London pre-open: Stocks seen lower ahead of ECB rate announcement
London stocks were expected to open in the red as investors awaited the latest rate announcement from the European Central Bank.
The FTSE 100 was set to open 19 points lower than Wednesday’s close at 6,709.
The ECB decision is due at 1245 BST, with the press conference at 1330 BST.
CMC Markets’ Jasper Lawler said: “There is no real expectation of the ECB adding to measures only recently implemented at its meeting on Thursday. The euro has fallen and the German DAX has recovered most of its post-Brexit losses so there is no financial tightening for the ECB to combat. The central bank is likely to remain in wait-and-see mode.
“The key, as is mostly the case, will be in the words of President Mario Draghi. Markets are looking for Mr Draghi to give some indication that the ECB is willing to act in case Brexit begins to weighs on the Eurozone economy. Any sort of vaguely specific timeframe for new stimulus could see EUR/USD finally crack the 1.10 handle, but given the likely inaction, a short squeeze appears more likely.”

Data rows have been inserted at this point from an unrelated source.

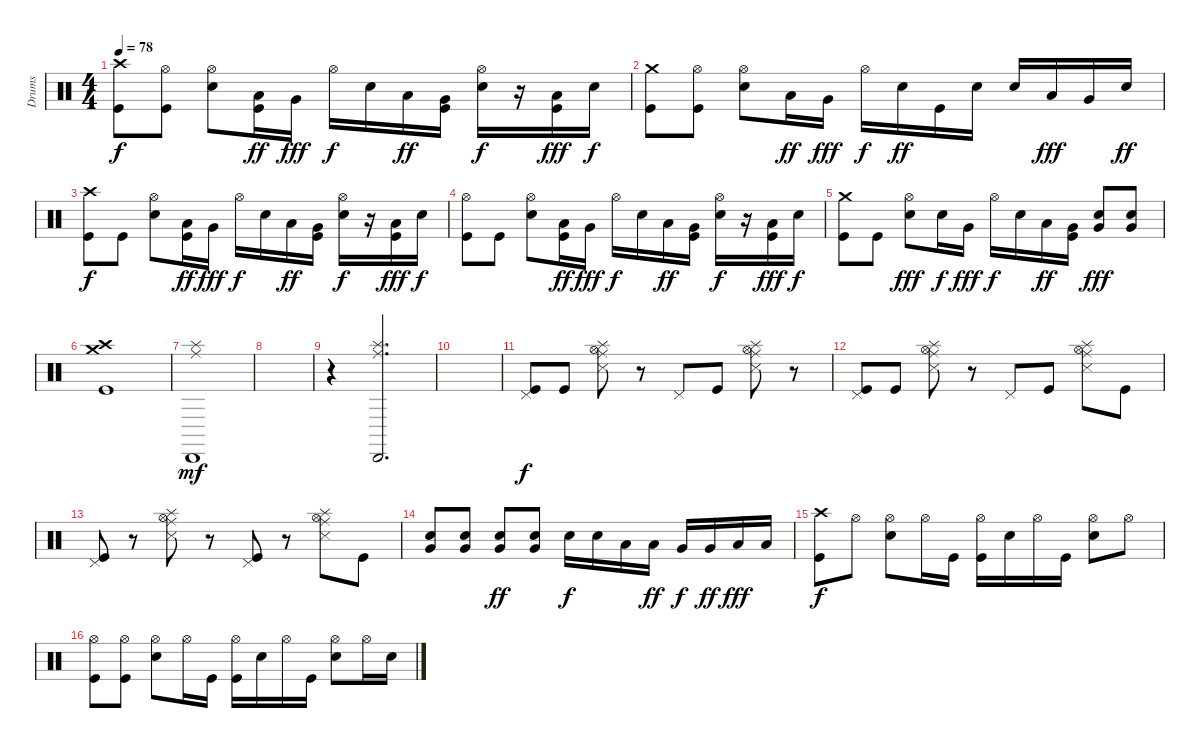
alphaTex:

\track ("Drums" "Drums") {instrument percussion}
\staff {score}
\articulation defaults
\ts (4 4)
\tempo 78
\clef neutral
\ks c
("Crash high (hit)" "Kick (hit)").8{dy f} ("Hi-Hat (open)" "Kick (hit)").8 ("Hi-Hat (open)" "Electric Snare (hit)").8 ("Low Tom (hit)" "Kick (hit)").16{dy ff} "Very Low Tom (hit)".16{dy fff} "Hi-Hat (open)".16{dy f} "Electric Snare (hit)".16 "Low Tom (hit)".16{dy ff} ("Very Low Tom (hit)" "Kick (hit)").16 ("Hi-Hat (open)" "Electric Snare (hit)").16{dy f} r.16 ("Low Floor Tom (hit)" "Kick (hit)").16{dy fff} "Electric Snare (hit)".16{dy f} |
("Crash medium (hit)" "Kick (hit)").8 ("Hi-Hat (open)" "Kick (hit)").8 ("Hi-Hat (open)" "Electric Snare (hit)").8 "Low Tom (hit)".16{dy ff} "Very Low Tom (hit)".16{dy fff} "Hi-Hat (open)".16{dy f} "Electric Snare (hit)".16{dy ff} "Kick (hit)".16 "Electric Snare (hit)".16 "Electric Snare (hit)".16 "Low Tom (hit)".16{dy fff} "Very Low Tom (hit)".16 "Electric Snare (hit)".16{dy ff} |
("Crash high (hit)" "Kick (hit)").8{dy f} "Kick (hit)".8 ("Hi-Hat (open)" "Electric Snare (hit)").8 ("Low Tom (hit)" "Kick (hit)").16{dy ff} "Very Low Tom (hit)".16{dy fff} "Hi-Hat (open)".16{dy f} "Electric Snare (hit)".16 "Low Tom (hit)".16{dy ff} ("Very Low Tom (hit)" "Kick (hit)").16 ("Hi-Hat (open)" "Electric Snare (hit)").16{dy f} r.16 ("Low Floor Tom (hit)" "Kick (hit)").16{dy fff} "Electric Snare (hit)".16{dy f} |
("Hi-Hat (open)" "Kick (hit)").8 "Kick (hit)".8 ("Hi-Hat (open)" "Electric Snare (hit)").8 ("Low Tom (hit)" "Kick (hit)").16{dy ff} "Very Low Tom (hit)".16{dy fff} "Hi-Hat (open)".16{dy f} "Electric Snare (hit)".16 "Low Tom (hit)".16{dy ff} ("Very Low Tom (hit)" "Kick (hit)").16 ("Hi-Hat (open)" "Electric Snare (hit)").16{dy f} r.16 ("Low Floor Tom (hit)" "Kick (hit)").16{dy fff} "Electric Snare (hit)".16{dy f} |
("Crash medium (hit)" "Kick (hit)").8 "Kick (hit)".8 ("Hi-Hat (open)" "Electric Snare (hit)").8{dy fff} "Electric Snare (hit)".16{dy f} "Very Low Tom (hit)".16{dy fff} "Hi-Hat (open)".16{dy f} "Electric Snare (hit)".16 "Low Tom (hit)".16{dy ff} ("Very Low Tom (hit)" "Kick (hit)").16 ("Very Low Tom (hit)" "Electric Snare (hit)").8{dy fff} ("Very Low Tom (hit)" "Electric Snare (hit)").8 |
("Crash high (hit)" "Crash medium (hit)" "Kick (hit)").1 |
("Ride (middle)" "Splash (hit)" "Cabasa (hit)").1{dy mf} |
|
r.4 ("Cabasa (hit)" "Ride (middle)" "Splash (hit)").2{d} |
|
("Pedal Hi-Hat (hit)" "Kick (hit)").8{dy f} "Kick (hit)".8 ("Splash (hit)" "Ride (middle)" "Hi-Hat (open)" "Snare (side stick) 3").8 r.8 "Pedal Hi-Hat (hit)".8 "Kick (hit)".8 ("Splash (hit)" "Ride (middle)" "Hi-Hat (open)" "Snare (side stick) 3").8 r.8 |
("Pedal Hi-Hat (hit)" "Kick (hit)").8 "Kick (hit)".8 ("Splash (hit)" "Ride (middle)" "Hi-Hat (open)" "Snare (side stick) 3").8 r.8 "Pedal Hi-Hat (hit)".8 "Kick (hit)".8 ("Splash (hit)" "Ride (middle)" "Hi-Hat (open)" "Snare (side stick) 3").8 "Kick (hit)".8 |
("Pedal Hi-Hat (hit)" "Kick (hit)").8 r.8 ("Splash (hit)" "Ride (middle)" "Hi-Hat (open)" "Snare (side stick) 3").8 r.8 ("Pedal Hi-Hat (hit)" "Kick (hit)").8 r.8 ("Splash (hit)" "Ride (middle)" "Hi-Hat (open)" "Snare (side stick) 3").8 "Kick (hit)".8 |
("Very Low Tom (hit)" "Electric Snare (hit)").8{bd 30} ("Very Low Tom (hit)" "Electric Snare (hit)").8{bd 30} ("Very Low Tom (hit)" "Electric Snare (hit)").8{bd 30 dy ff} ("Very Low Tom (hit)" "Electric Snare (hit)").8{bd 30} "Electric Snare (hit)".16{dy f} "Electric Snare (hit)".16 "Low Tom (hit)".16 "Low Tom (hit)".16{dy ff} "Very Low Tom (hit)".16{dy f} "Very Low Tom (hit)".16{dy ff} "Low Floor Tom (hit)".16{dy fff} "Low Floor Tom (hit)".16 |
("Crash high (hit)" "Kick (hit)").8{dy f} "Hi-Hat (open)".8 ("Hi-Hat (open)" "Electric Snare (hit)").8 "Hi-Hat (open)".16 "Kick (hit)".16 ("Hi-Hat (open)" "Kick (hit)").16 "Electric Snare (hit)".16 "Hi-Hat (open)".16 "Kick (hit)".16 ("Hi-Hat (open)" "Electric Snare (hit)").8 "Hi-Hat (open)".8 |
("Hi-Hat (open)" "Kick (hit)").8 ("Hi-Hat (open)" "Kick (hit)").8 ("Hi-Hat (open)" "Electric Snare (hit)").8 "Hi-Hat (open)".16 "Kick (hit)".16 ("Hi-Hat (open)" "Kick (hit)").16 "Electric Snare (hit)".16 "Hi-Hat (open)".16 "Kick (hit)".16 ("Hi-Hat (open)" "Electric Snare (hit)").8 "Hi-Hat (open)".16 "Electric Snare (hit)".16
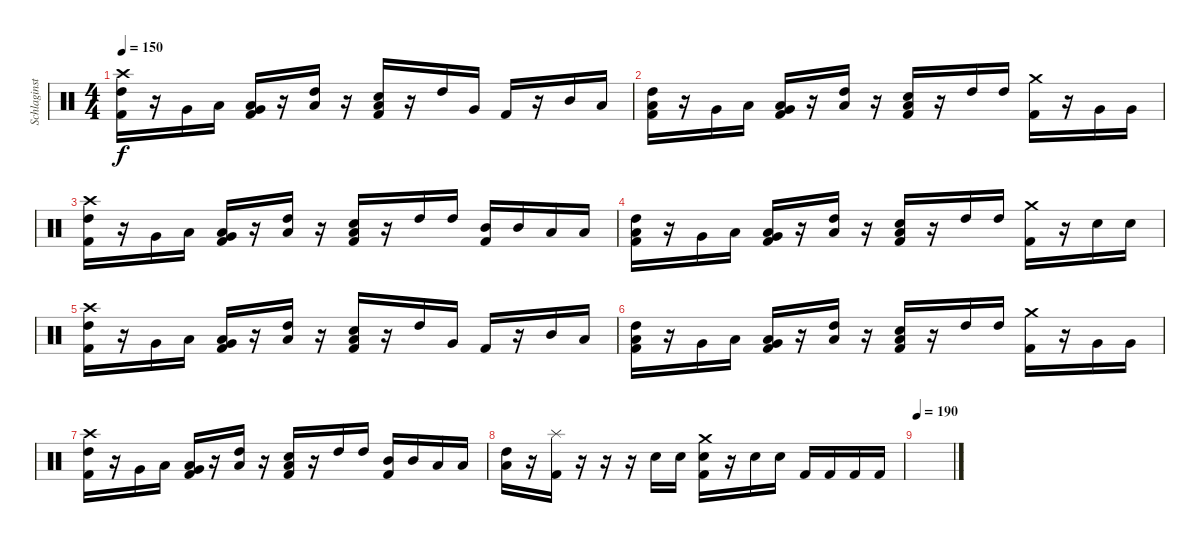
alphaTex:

\track ("Schlaginstrumente - Auswahl" "Schlaginst") {instrument percussion}
\staff {score}
\articulation defaults
\ts (4 4)
\tempo 150
\clef neutral
\ks c
("Crash high (hit)" "High Tom (hit)" "Kick (hit) 2").16{dy f} r.16 "Very Low Tom (hit)".16 "Low Tom (hit)".16 ("Low Tom (hit)" "Very Low Tom (hit)" "Kick (hit) 2").16 r.16 ("High Tom (hit)" "Low Floor Tom (hit)").16 r.16 ("Low Floor Tom (hit)" "Snare (hit) 2" "Kick (hit) 2").16 r.16 "High Tom (hit)".16 "Very Low Tom (hit)".16 "Kick (hit) 2".16 r.16 "Mid Tom (hit)".16 "Low Tom (hit)".16 |
("High Tom (hit)" "Low Tom (hit)" "Kick (hit) 2").16 r.16 "Very Low Tom (hit)".16 "Low Tom (hit)".16 ("Low Tom (hit)" "Very Low Tom (hit)" "Kick (hit) 2").16 r.16 ("High Tom (hit)" "Low Floor Tom (hit)").16 r.16 ("Low Floor Tom (hit)" "Snare (hit) 2" "Kick (hit) 2").16 r.16 "High Tom (hit)".16 "High Tom (hit)".16 ("Crash medium (hit)" "Kick (hit) 2").16 r.16 "Very Low Tom (hit)".16 "Very Low Tom (hit)".16 |
("Crash high (hit)" "High Tom (hit)" "Kick (hit) 2").16 r.16 "Very Low Tom (hit)".16 "Low Tom (hit)".16 ("Low Tom (hit)" "Very Low Tom (hit)" "Kick (hit) 2").16 r.16 ("High Tom (hit)" "Low Floor Tom (hit)").16 r.16 ("Low Floor Tom (hit)" "Snare (hit) 2" "Kick (hit) 2").16 r.16 "High Tom (hit)".16 "High Tom (hit)".16 ("Mid Tom (hit)" "Kick (hit) 2").16 "Mid Tom (hit)".16 "Low Tom (hit)".16 "Low Tom (hit)".16 |
("High Tom (hit)" "Low Tom (hit)" "Kick (hit) 2").16 r.16 "Very Low Tom (hit)".16 "Low Tom (hit)".16 ("Low Tom (hit)" "Very Low Tom (hit)" "Kick (hit) 2").16 r.16 ("High Tom (hit)" "Low Floor Tom (hit)").16 r.16 ("Low Floor Tom (hit)" "Snare (hit) 2" "Kick (hit) 2").16 r.16 "High Tom (hit)".16 "High Tom (hit)".16 ("Crash medium (hit)" "Kick (hit) 2").16 r.16 "Snare (hit) 2".16 "Snare (hit) 2".16 |
("Crash high (hit)" "High Tom (hit)" "Kick (hit) 2").16 r.16 "Very Low Tom (hit)".16 "Low Tom (hit)".16 ("Low Tom (hit)" "Very Low Tom (hit)" "Kick (hit) 2").16 r.16 ("High Tom (hit)" "Low Floor Tom (hit)").16 r.16 ("Low Floor Tom (hit)" "Snare (hit) 2" "Kick (hit) 2").16 r.16 "High Tom (hit)".16 "Very Low Tom (hit)".16 "Kick (hit) 2".16 r.16 "Mid Tom (hit)".16 "Low Tom (hit)".16 |
("High Tom (hit)" "Low Tom (hit)" "Kick (hit) 2").16 r.16 "Very Low Tom (hit)".16 "Low Tom (hit)".16 ("Low Tom (hit)" "Very Low Tom (hit)" "Kick (hit) 2").16 r.16 ("High Tom (hit)" "Low Floor Tom (hit)").16 r.16 ("Low Floor Tom (hit)" "Snare (hit) 2" "Kick (hit) 2").16 r.16 "High Tom (hit)".16 "High Tom (hit)".16 ("Crash medium (hit)" "Kick (hit) 2").16 r.16 "Very Low Tom (hit)".16 "Very Low Tom (hit)".16 |
("Crash high (hit)" "High Tom (hit)" "Kick (hit) 2").16 r.16 "Very Low Tom (hit)".16 "Low Tom (hit)".16 ("Low Tom (hit)" "Very Low Tom (hit)" "Kick (hit) 2").16 r.16 ("High Tom (hit)" "Low Floor Tom (hit)").16 r.16 ("Low Floor Tom (hit)" "Snare (hit) 2" "Kick (hit) 2").16 r.16 "High Tom (hit)".16 "High Tom (hit)".16 ("Mid Tom (hit)" "Kick (hit) 2").16 "Mid Tom (hit)".16 "Low Tom (hit)".16 "Low Tom (hit)".16 |
("High Tom (hit)" "Low Tom (hit)").16 r.16 ("Splash (hit)" "Kick (hit) 2").16 r.16 r.16 r.16 "Snare (hit) 2".16 "Snare (hit) 2".16 ("Crash medium (hit)" "Snare (hit) 2" "Kick (hit) 2").16 r.16 "Snare (hit) 2".16 "Snare (hit) 2".16 "Kick (hit) 2".16 "Kick (hit) 2".16 "Kick (hit) 2".16 "Kick (hit) 2".16 |
\tempo 190

On the UK data calendar, retail sales are at 0930 BST. In the US, initial jobless claims and the Philadelphia Fed survey are at 1330 BST, while existing home sales and leading indicators are at 1500 BST.
In corporate news, megabrewer SABMiller announced on Thursday that the US Department of Justice has given its clearance on the company’s proposed combination with AB InBev.
The FTSE 100 firm said that as part of the consent decree, AB InBev has agreed among other conditions to divest SABMiller’s US interest in MillerCoors to Molson Coors.
It said the divestiture, which was previously announced between AB InBev and Molson Coors, is conditional on the successful closing of the combination of AB InBev and SABMiller.
The merger has now received approval in 21 jurisdictions.
SSE said the external operating environment continues to have an impact on the company, calling recent reforms imposed by the regulator as “considerable” that had to be implemented into a “fast changing energy supply market”.
It added that the outcome of the UK's referendum to leave the European Union “could lead to aspects of the financial, regulatory and political environment becoming more uncertain in the years ahead”.
“Energy flows across geographical borders and SSE believes that the UK's focus should be on competitively and cost-effectively maintaining security of supply and decarbonising the economy, supported by progressive market harmonisation,” SSE said.
“In its representations to governments, SSE will therefore make the case in this period for stability, market harmonisation and effective carbon pricing.”
Unilever maintained its underlying rate of sales growth at 4.7% in the second quarter but first-half turnover fell and the company said it was preparing for tougher market conditions as it sees no sign of an improving global economy.
Group sales decreased by 2.6% at current exchange rates but increased by 5.4% at constant exchange rates, with core earnings per share up 1.3% at current exchange rates and 7.5% at constant rates.